167809271201792 * 1/32 = 5244039725056 bytes

That’s 4.77 TiB reserved… again, a TON of space. If we’re running OpenZFS 2.0.7 or later, we’ll use 128 GiB instead:

167809271201792 - 128 * 1024^3 = 167671832248320 bytes = 156156.5625 GiB = 152.4966 TiB

And there we have it! This is the total usable capacity of a pool of 14x 18TB disks configured in 2x 7wZ2. We can confirm the calculations using zfs list:

root@truenas[~]# zfs list -p tank
NAME     USED            AVAIL     REFER  MOUNTPOINT
tank  1080288  167671831168032    196416  /mnt/tank

As with the zpool list command, the -p flag shows exact byte values.

167671831168032 + 1080288 = 167671832248320 bytes = 156156.5625 GiB = 152.4966 TiB

By adding the USED and AVAIL values, we can confirm that our calculation is accurate.

Mirrored vdev Capacity Calculation

Mirrored vdevs work in a similar way but the vdev asize is just a single drive’s capacity (minus ZFS labels and whatnot) and then the vdev_deflate_ratio is just 512/512 or 1.0. We skip all the parity and padding sector stuff but we do still need to account for metaslab allocation and SPA slop space.

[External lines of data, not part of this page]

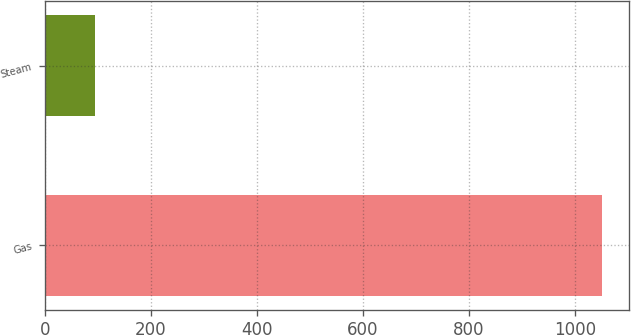<chart> <loc_0><loc_0><loc_500><loc_500><bar_chart><fcel>Gas<fcel>Steam<nl><fcel>1050<fcel>94<nl></chart> 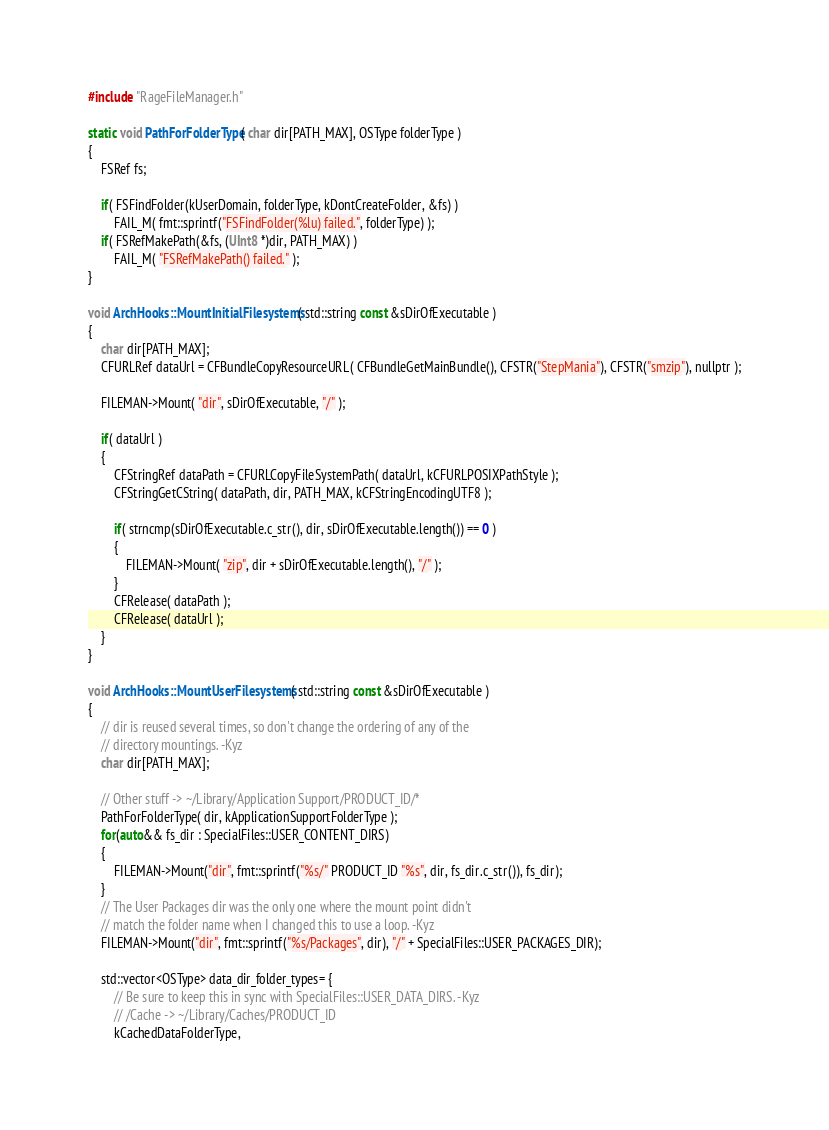Convert code to text. <code><loc_0><loc_0><loc_500><loc_500><_ObjectiveC_>
#include "RageFileManager.h"

static void PathForFolderType( char dir[PATH_MAX], OSType folderType )
{
	FSRef fs;

	if( FSFindFolder(kUserDomain, folderType, kDontCreateFolder, &fs) )
		FAIL_M( fmt::sprintf("FSFindFolder(%lu) failed.", folderType) );
	if( FSRefMakePath(&fs, (UInt8 *)dir, PATH_MAX) )
		FAIL_M( "FSRefMakePath() failed." );
}

void ArchHooks::MountInitialFilesystems( std::string const &sDirOfExecutable )
{
	char dir[PATH_MAX];
	CFURLRef dataUrl = CFBundleCopyResourceURL( CFBundleGetMainBundle(), CFSTR("StepMania"), CFSTR("smzip"), nullptr );

	FILEMAN->Mount( "dir", sDirOfExecutable, "/" );

	if( dataUrl )
	{
		CFStringRef dataPath = CFURLCopyFileSystemPath( dataUrl, kCFURLPOSIXPathStyle );
		CFStringGetCString( dataPath, dir, PATH_MAX, kCFStringEncodingUTF8 );

		if( strncmp(sDirOfExecutable.c_str(), dir, sDirOfExecutable.length()) == 0 )
		{
			FILEMAN->Mount( "zip", dir + sDirOfExecutable.length(), "/" );
		}
		CFRelease( dataPath );
		CFRelease( dataUrl );
	}
}

void ArchHooks::MountUserFilesystems( std::string const &sDirOfExecutable )
{
	// dir is reused several times, so don't change the ordering of any of the
	// directory mountings. -Kyz
	char dir[PATH_MAX];

	// Other stuff -> ~/Library/Application Support/PRODUCT_ID/*
	PathForFolderType( dir, kApplicationSupportFolderType );
	for(auto&& fs_dir : SpecialFiles::USER_CONTENT_DIRS)
	{
		FILEMAN->Mount("dir", fmt::sprintf("%s/" PRODUCT_ID "%s", dir, fs_dir.c_str()), fs_dir);
	}
	// The User Packages dir was the only one where the mount point didn't
	// match the folder name when I changed this to use a loop. -Kyz
	FILEMAN->Mount("dir", fmt::sprintf("%s/Packages", dir), "/" + SpecialFiles::USER_PACKAGES_DIR);

	std::vector<OSType> data_dir_folder_types= {
		// Be sure to keep this in sync with SpecialFiles::USER_DATA_DIRS. -Kyz
		// /Cache -> ~/Library/Caches/PRODUCT_ID
		kCachedDataFolderType,</code> 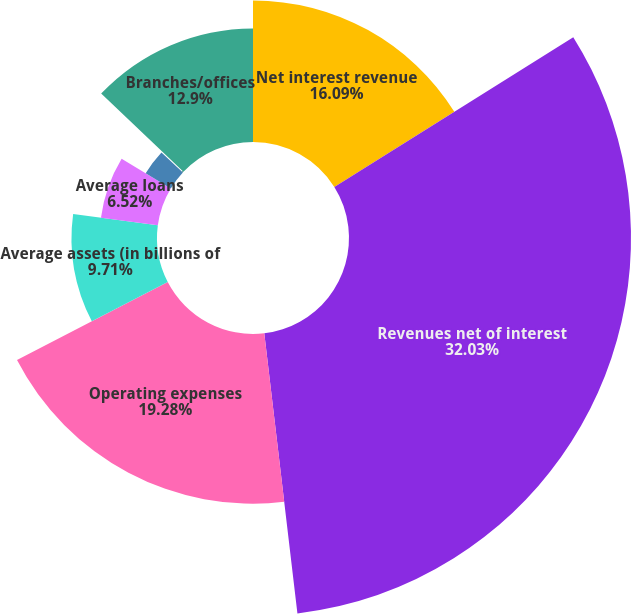Convert chart to OTSL. <chart><loc_0><loc_0><loc_500><loc_500><pie_chart><fcel>Net interest revenue<fcel>Revenues net of interest<fcel>Operating expenses<fcel>Average assets (in billions of<fcel>Average loans<fcel>Average Consumer Banking loans<fcel>Average deposits (and other<fcel>Branches/offices<nl><fcel>16.09%<fcel>32.04%<fcel>19.28%<fcel>9.71%<fcel>6.52%<fcel>3.33%<fcel>0.14%<fcel>12.9%<nl></chart> 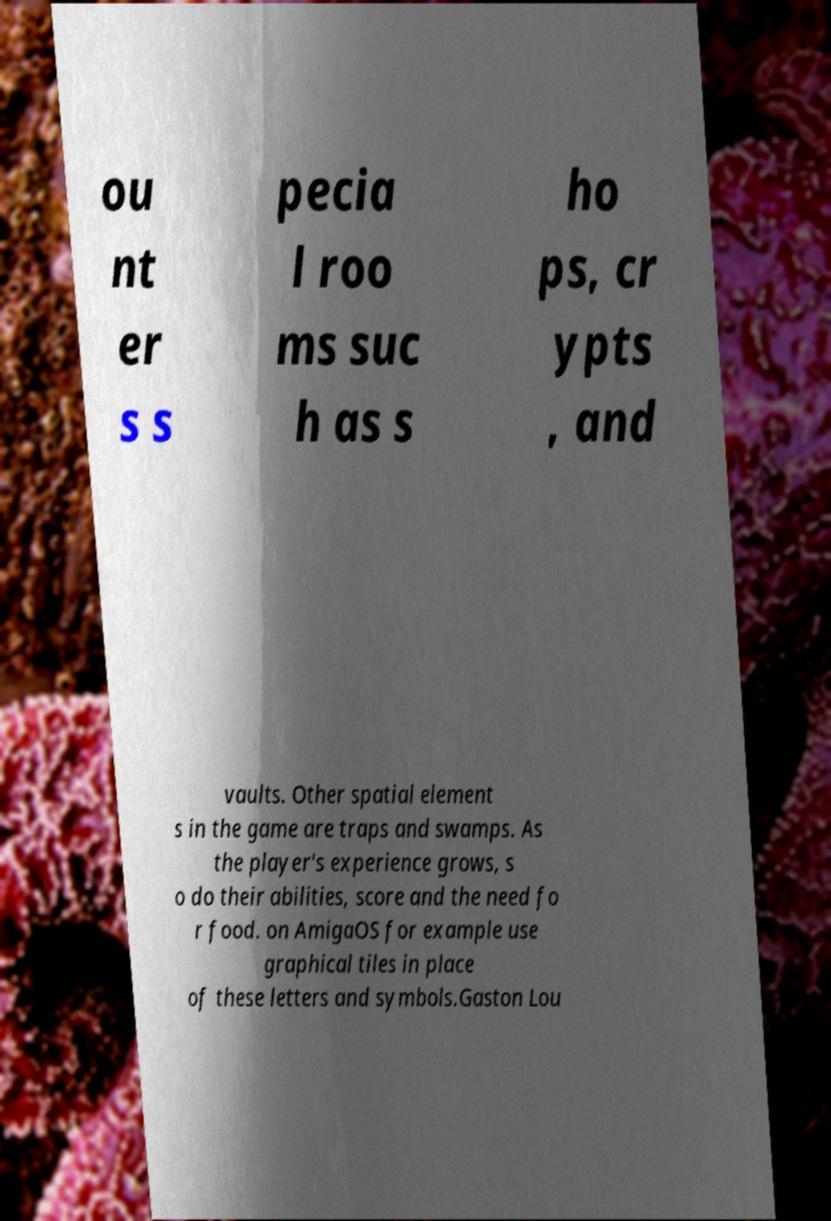Please identify and transcribe the text found in this image. ou nt er s s pecia l roo ms suc h as s ho ps, cr ypts , and vaults. Other spatial element s in the game are traps and swamps. As the player's experience grows, s o do their abilities, score and the need fo r food. on AmigaOS for example use graphical tiles in place of these letters and symbols.Gaston Lou 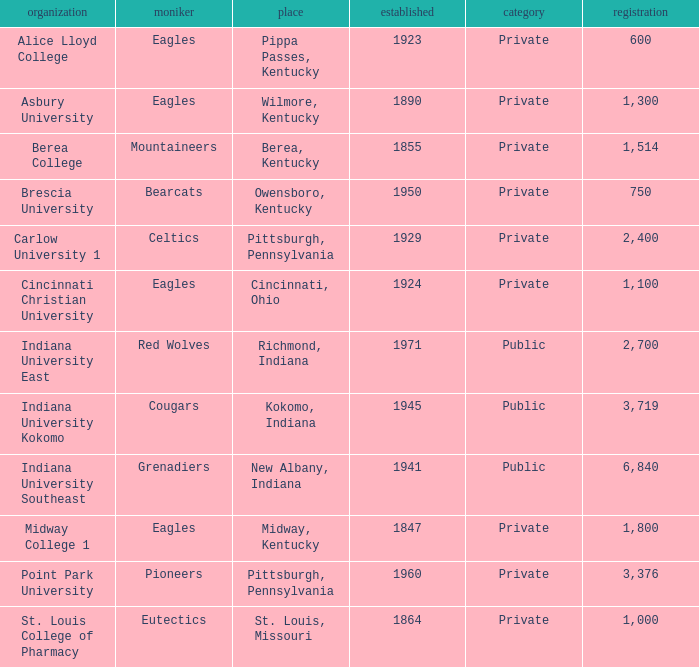Which of the private colleges is the oldest, and whose nickname is the Mountaineers? 1855.0. 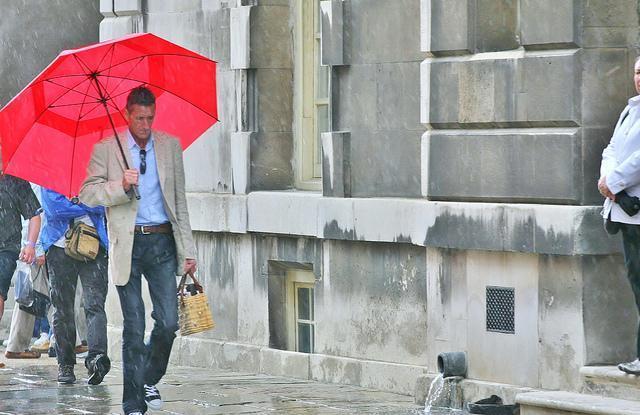How many people are in the picture?
Give a very brief answer. 5. How many umbrellas are there?
Give a very brief answer. 1. How many baby elephants are there?
Give a very brief answer. 0. 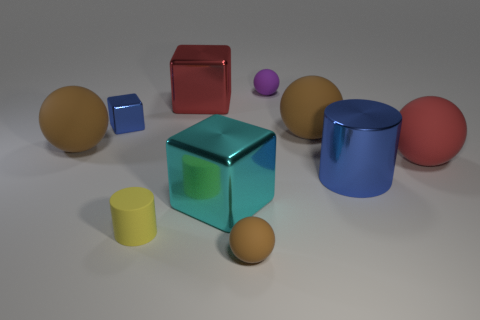Subtract all cyan cylinders. How many brown balls are left? 3 Subtract 2 spheres. How many spheres are left? 3 Subtract all purple balls. How many balls are left? 4 Subtract all red matte balls. How many balls are left? 4 Subtract all gray spheres. Subtract all green cylinders. How many spheres are left? 5 Subtract all cylinders. How many objects are left? 8 Add 3 small yellow cylinders. How many small yellow cylinders exist? 4 Subtract 0 yellow spheres. How many objects are left? 10 Subtract all large rubber things. Subtract all large gray cylinders. How many objects are left? 7 Add 2 red balls. How many red balls are left? 3 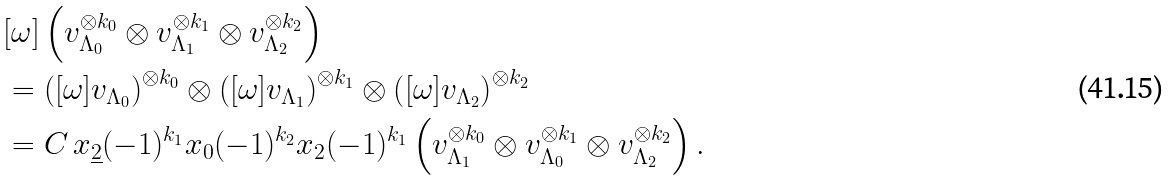<formula> <loc_0><loc_0><loc_500><loc_500>& [ \omega ] \left ( v _ { \Lambda _ { 0 } } ^ { \otimes k _ { 0 } } \otimes v _ { \Lambda _ { 1 } } ^ { \otimes k _ { 1 } } \otimes v _ { \Lambda _ { 2 } } ^ { \otimes k _ { 2 } } \right ) \\ & = \left ( [ \omega ] v _ { \Lambda _ { 0 } } \right ) ^ { \otimes k _ { 0 } } \otimes \left ( [ \omega ] v _ { \Lambda _ { 1 } } \right ) ^ { \otimes k _ { 1 } } \otimes \left ( [ \omega ] v _ { \Lambda _ { 2 } } \right ) ^ { \otimes k _ { 2 } } \\ & = C \, x _ { \underline { 2 } } ( - 1 ) ^ { k _ { 1 } } x _ { 0 } ( - 1 ) ^ { k _ { 2 } } x _ { 2 } ( - 1 ) ^ { k _ { 1 } } \left ( v _ { \Lambda _ { 1 } } ^ { \otimes k _ { 0 } } \otimes v _ { \Lambda _ { 0 } } ^ { \otimes k _ { 1 } } \otimes v _ { \Lambda _ { 2 } } ^ { \otimes k _ { 2 } } \right ) .</formula> 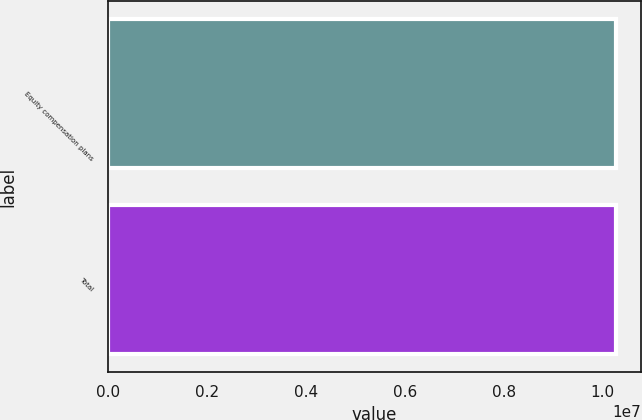<chart> <loc_0><loc_0><loc_500><loc_500><bar_chart><fcel>Equity compensation plans<fcel>Total<nl><fcel>1.02656e+07<fcel>1.02656e+07<nl></chart> 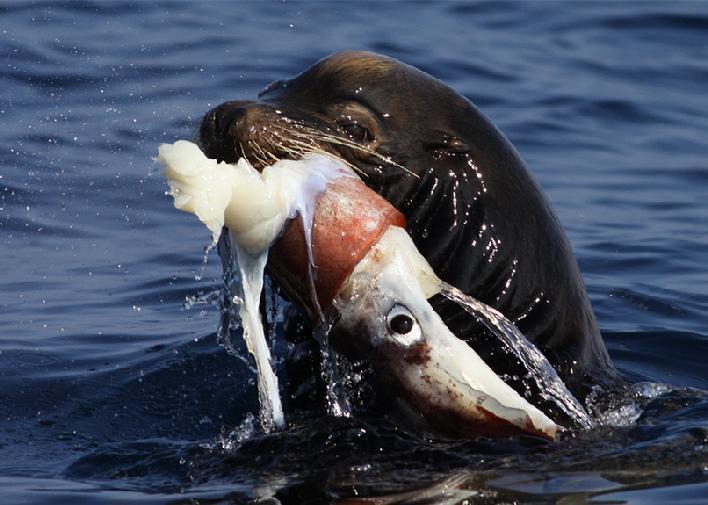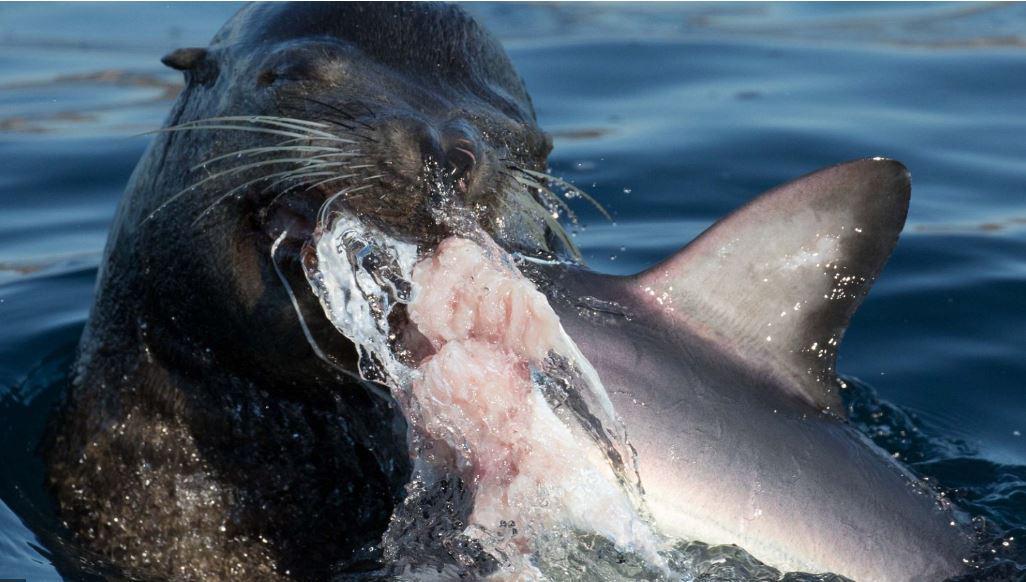The first image is the image on the left, the second image is the image on the right. For the images shown, is this caption "The seal in the left image is facing left with food in its mouth." true? Answer yes or no. Yes. The first image is the image on the left, the second image is the image on the right. Given the left and right images, does the statement "All of the images contains only animals and water and nothing else." hold true? Answer yes or no. Yes. 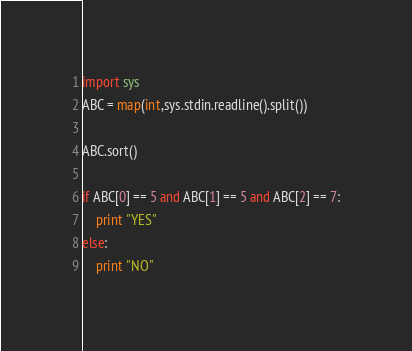Convert code to text. <code><loc_0><loc_0><loc_500><loc_500><_Python_>import sys
ABC = map(int,sys.stdin.readline().split())

ABC.sort()

if ABC[0] == 5 and ABC[1] == 5 and ABC[2] == 7:
    print "YES"
else:
    print "NO"</code>

dRAID Capacity Calculation

Capacity calculation for dRAID vdevs is similar to that of RAIDZ but includes a few extra steps. We’ll run through an abbreviated example calculation with 2x dRAID2:5d:20c:1s vdevs with 8TB disks (no swap space reserved this time).

dRAID still aligns the space on each drive to a 256KiB block size, so we go from 8000000000000 bytes to 7999999967232 bytes per 8TB disk:

floor(8000000000000 / (256 * 1024)) * 256 * 1024 = 7999999967232 bytes

From there, we reserve space for the on-disk ZFS labels (just like in RAIDZ) but we also reserve an extra 32MiB for dRAID reflow space which is used when expanding a dRAID vdev. Details on the reflow reserve space can be found here.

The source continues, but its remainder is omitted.